Mais pour se faire contrer dans son dos, l’UEFA ne s’est-elle pas montrée trop arrogante. Trop sûre d’elle en restant drapée dans une vision purement mercantile des choses. En décidant sans l’aval des supporteurs qui je le répète font l’histoire de ce sport. De ces supporteurs qu’on maltraite et qu’on oblige à multiplier les abonnements télé pour suivre les matches. Qu’on ne s’étonne pas de les voir se tourner de plus en plus vers le piratage. Le football, sport populaire, pas sport business.
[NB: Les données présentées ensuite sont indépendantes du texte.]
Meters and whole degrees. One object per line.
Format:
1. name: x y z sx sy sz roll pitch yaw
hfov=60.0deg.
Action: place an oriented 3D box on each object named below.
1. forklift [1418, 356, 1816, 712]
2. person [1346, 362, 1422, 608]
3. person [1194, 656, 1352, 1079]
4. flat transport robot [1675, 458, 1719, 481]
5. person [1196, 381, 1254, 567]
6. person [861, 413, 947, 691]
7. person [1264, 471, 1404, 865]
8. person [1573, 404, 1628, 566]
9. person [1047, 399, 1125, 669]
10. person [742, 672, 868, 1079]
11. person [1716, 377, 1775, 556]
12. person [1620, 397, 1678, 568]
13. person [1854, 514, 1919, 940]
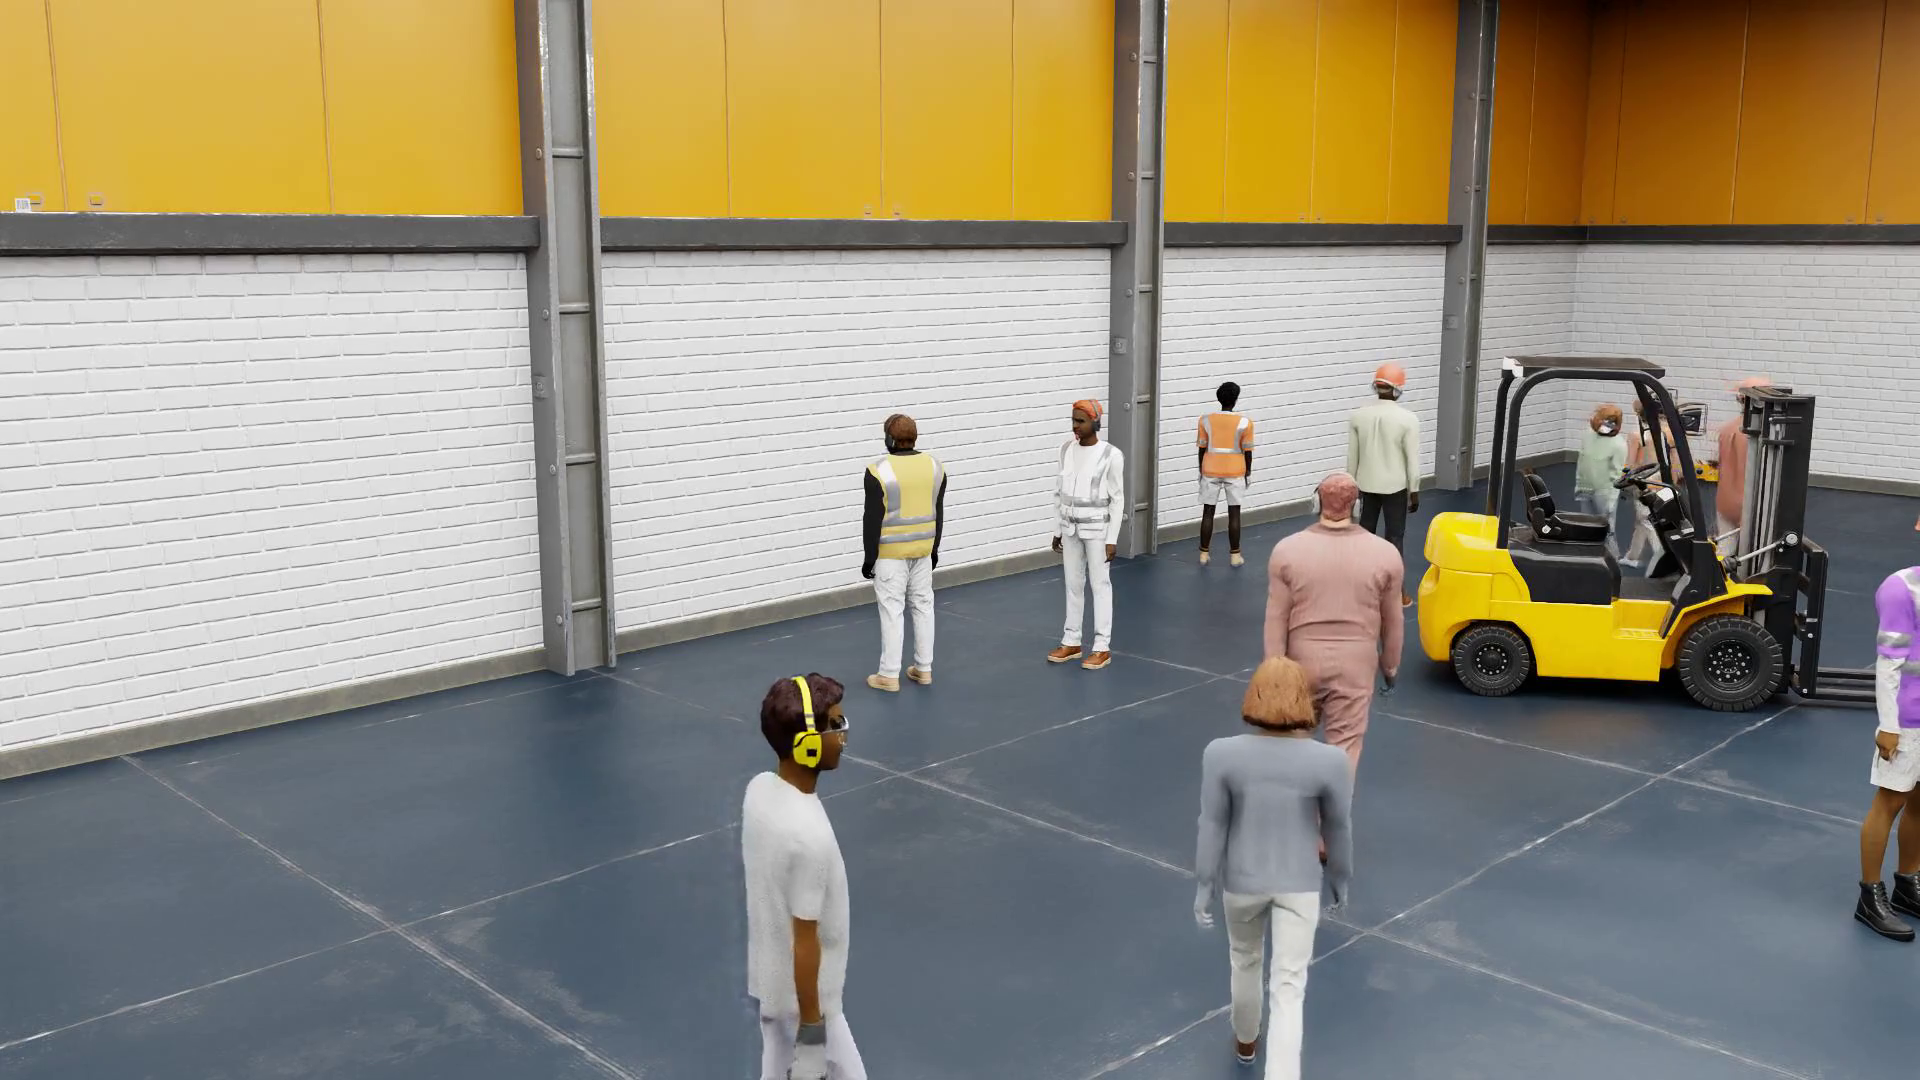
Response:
1. forklift: 4.276 -0.101 11.076 2.313 2.155 1.214 2 11 13
2. person: 3.432 -0.435 13.439 0.622 1.992 0.395 8 13 37
3. person: 1.077 1.184 5.726 0.520 1.586 0.871 3 11 13
4. flat transport robot: 8.698 -0.901 20.686 1.431 0.197 0.652 3 11 18
5. person: 2.414 -0.597 15.175 0.529 1.690 0.321 3 11 18
6. person: -0.394 0.080 11.048 0.625 1.846 0.429 -8 13 -36
7. person: 1.824 0.591 8.141 0.664 1.877 0.758 2 11 12
8. person: 5.416 -0.371 14.161 0.312 1.611 0.598 -4 11 -20
9. person: 0.876 -0.045 11.623 0.574 1.883 0.356 9 14 41
10. person: -0.507 1.266 4.601 0.841 1.845 0.521 -5 11 -24
11. person: 5.904 -0.246 12.508 0.844 1.964 0.634 -2 11 -9
12. person: 6.131 -0.471 14.752 0.534 1.594 0.852 -4 11 -21
13. person: 4.168 0.746 7.153 0.542 1.939 0.362 -4 11 -22

D’où qu’ils viennent, ces grands manitous du football qui décident de tout ne doivent pas faire n’importe quoi. On le perçoit déjà avec la prochaine Coupe du Monde qui doit se tenir au Qatar l’an prochain. D’abord prévu en été dans des stades climatisés, l’évènement se déroulera finalement en hiver, du 21 novembre au 18 décembre. Un non-sens à mes yeux dans un pays qui ne respire pas le football. Il y a la géographie, mais n’oublions pas l’histoire.
*Après les défections des clubs les uns après les autres, la Juventus de Turin, à l’origine du projet de « Super League » admet officiellement que celui-ci est terminé.